Giving a modelled process that includes 20 activities, which is denoted by [a1, a2, …, a20]. If the setting of absolute step interval is 5, then the process should be segmented into 20/5 = 4 partitions, such as [a1, …, a5], [a1, …, a10], [a1, …, a15] and [a1, …, a20]. If the setting of normalised step interval is 40 %, then the process should be segmented into ceiling[20/(20 * 40 %)] = 3 partitions, i.e., [a1, …, a8], [a1, …, a16] and [a1, …, a20]. Assuming the modelled process has a timeline that equals 10 days, when the setting of absolute time interval is 5 (days), the process should be segmented into 10/5 = 2 partitions. If the setting of normalised time interval is 40 %, then the process should be segmented into ceiling[10/(10 * 40 %)] = 3 partitions.

4 Evaluation

To evaluate the proposed approaches, a dataset captured from the In-Service department of an aerospace manufacturer is considered. This evaluation aims to investigate, (i) whether the project process can be automatically constructed from the project data, and (ii) whether the process evolution can be automatically identified and represented. The detailed information about the dataset, evaluation process and evaluation results are introduced in the following sections.

4.1 Data Collection

The applied dataset in this evaluation contains 396 In-Service projects that were completed between 2013 and 2014. For each project, all the essential data was recorded during project execution. The project data mainly includes communication related (35.11 %), operation related (49.10 %) and test/evaluation related (15.79 %). By considering the knowledge captured from the senior staff in the department, the information items contained by the project data are classified into 21 types, each of which is considered to be generated from, or associated with, a particular activity. For example, the information item OM indicates the activity “sending an outgoing message to the customer”; IM indicates the activity “receiving an incoming message from the customer”; S&F indicates the activity “performing a stress and fatigue test”, etc.Footnote 1

4.2 Creating Process Interpretation and Identifying Process Evolution

In order to determine the activity types, automatic data analysis techniques are applied, such as natural language processing (NLP) and named entity recognition (NER). These techniques analyse the project data on both metadata level and content level. After the data analysis, all the activities (with the timestamps) contained in the project data are identified and extracted, and then the project process is modelled and interpreted in a sequence format. Figure 3 shows some processes that are generated by applying the approach and the dataset. In this figure, each row indicates a generated project process, and each ‘Tx’ indicates an activity. For each process, its contained activities are organised in a chronological order.

Fig. 3.
figure 3

The sequence interpretation of modelled processes

To identify process evolution, each of the modelled processes is segmented based on pre-defined intervals. In this evaluation, the interval setting applied in process segmentation is normalised step interval (NSI). The total number of intervals is set as four, so the intervals are 0–25 %, 0–50 %, 0–75 % and 0–100 %, respectively. For example, the 0–25 % interval means the segmented process partition should contain 25 % of the total activities; similarly, the 0–50 % interval means the process partition should contain 50 % of the total activities.
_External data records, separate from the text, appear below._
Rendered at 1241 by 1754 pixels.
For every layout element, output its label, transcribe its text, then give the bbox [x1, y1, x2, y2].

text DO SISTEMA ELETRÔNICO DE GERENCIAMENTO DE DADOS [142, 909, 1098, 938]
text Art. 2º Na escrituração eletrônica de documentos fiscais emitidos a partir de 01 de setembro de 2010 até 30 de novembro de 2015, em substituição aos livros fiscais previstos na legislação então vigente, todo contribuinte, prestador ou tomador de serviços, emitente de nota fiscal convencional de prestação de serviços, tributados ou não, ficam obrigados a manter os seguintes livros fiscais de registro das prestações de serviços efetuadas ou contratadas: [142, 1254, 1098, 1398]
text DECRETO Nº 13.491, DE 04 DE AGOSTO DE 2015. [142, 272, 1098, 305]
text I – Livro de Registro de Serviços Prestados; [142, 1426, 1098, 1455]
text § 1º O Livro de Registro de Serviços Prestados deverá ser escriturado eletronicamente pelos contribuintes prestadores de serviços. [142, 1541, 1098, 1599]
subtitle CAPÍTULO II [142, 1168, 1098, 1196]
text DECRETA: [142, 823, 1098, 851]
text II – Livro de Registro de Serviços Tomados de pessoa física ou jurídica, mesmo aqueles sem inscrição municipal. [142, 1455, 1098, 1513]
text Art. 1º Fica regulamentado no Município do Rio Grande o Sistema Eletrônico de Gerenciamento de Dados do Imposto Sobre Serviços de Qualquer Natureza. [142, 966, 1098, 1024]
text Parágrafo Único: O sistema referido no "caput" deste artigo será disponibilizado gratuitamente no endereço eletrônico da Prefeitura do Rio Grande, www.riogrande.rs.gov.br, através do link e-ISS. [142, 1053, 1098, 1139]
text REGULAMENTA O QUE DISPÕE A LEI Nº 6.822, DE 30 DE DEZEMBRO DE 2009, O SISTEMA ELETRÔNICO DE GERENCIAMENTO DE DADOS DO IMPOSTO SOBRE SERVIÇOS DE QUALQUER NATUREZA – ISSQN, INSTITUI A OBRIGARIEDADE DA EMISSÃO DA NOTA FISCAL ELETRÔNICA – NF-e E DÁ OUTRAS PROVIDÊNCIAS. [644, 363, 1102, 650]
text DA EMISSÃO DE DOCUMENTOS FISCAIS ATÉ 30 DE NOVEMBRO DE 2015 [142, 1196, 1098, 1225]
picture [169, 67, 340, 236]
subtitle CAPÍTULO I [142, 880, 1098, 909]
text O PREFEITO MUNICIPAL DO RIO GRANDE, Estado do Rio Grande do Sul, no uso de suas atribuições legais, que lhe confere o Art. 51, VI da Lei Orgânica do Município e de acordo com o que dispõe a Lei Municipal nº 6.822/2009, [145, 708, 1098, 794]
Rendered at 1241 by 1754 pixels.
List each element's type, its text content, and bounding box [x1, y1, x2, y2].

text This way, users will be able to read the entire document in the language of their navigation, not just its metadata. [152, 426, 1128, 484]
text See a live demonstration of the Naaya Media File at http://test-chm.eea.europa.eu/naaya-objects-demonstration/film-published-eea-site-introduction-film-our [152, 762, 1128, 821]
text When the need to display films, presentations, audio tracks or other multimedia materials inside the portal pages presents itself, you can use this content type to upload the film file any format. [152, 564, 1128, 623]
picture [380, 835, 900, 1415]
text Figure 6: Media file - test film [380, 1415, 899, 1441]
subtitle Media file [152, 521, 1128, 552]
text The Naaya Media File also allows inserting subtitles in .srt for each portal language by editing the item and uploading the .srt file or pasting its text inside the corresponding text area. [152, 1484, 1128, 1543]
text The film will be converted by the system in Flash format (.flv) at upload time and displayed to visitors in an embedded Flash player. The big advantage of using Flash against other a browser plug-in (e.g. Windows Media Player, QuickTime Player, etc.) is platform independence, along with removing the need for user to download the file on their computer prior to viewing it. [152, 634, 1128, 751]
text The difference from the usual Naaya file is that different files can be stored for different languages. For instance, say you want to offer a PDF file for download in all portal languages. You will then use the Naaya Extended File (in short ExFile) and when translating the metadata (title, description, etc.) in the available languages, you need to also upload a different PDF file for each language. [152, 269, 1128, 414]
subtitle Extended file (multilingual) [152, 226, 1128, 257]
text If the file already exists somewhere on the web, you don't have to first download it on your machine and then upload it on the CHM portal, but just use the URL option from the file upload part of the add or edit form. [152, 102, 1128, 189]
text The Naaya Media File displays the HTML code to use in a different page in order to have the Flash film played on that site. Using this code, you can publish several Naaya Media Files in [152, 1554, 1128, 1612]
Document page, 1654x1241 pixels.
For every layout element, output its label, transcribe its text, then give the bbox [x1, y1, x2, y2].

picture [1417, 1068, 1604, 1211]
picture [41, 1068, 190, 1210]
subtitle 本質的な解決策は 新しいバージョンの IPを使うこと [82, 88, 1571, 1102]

To investigate process evolution on a detailed level, the activity distribution of each interval is taken into account. The detailed information of each activity distribution is shown in Fig. 4.

Fig. 4.
figure 4

The activity distributions with normalised step intervals

Figure 4a shows the activity distribution being generated from the initial project stage (0–25 %). As shown in the figure, the top activities involved by these processes are OM (46.17 %), IM (12.98 %), AW (13.45 %), ODR (9.66 %) and S&F (8.91 %). OM and IM are the communication related data, which indicate the commutations between the customer (e.g., an airline operator) and the In-Service department. Meanwhile, ODR and AW are the operation related data. ODR is generated by the customer, for the purpose of describing service requirement or inquiry. AW is generated by the In-Service department, for the purpose of providing technical solution or responding to the inquiry. In fact, most of the work is planning related at this stage. Hence, the service requirements, general inquiries and communications are supposed to take high proportions. It can be seen that the activity distribution generated from the segmented processes corresponds to the mentioned facts in practice.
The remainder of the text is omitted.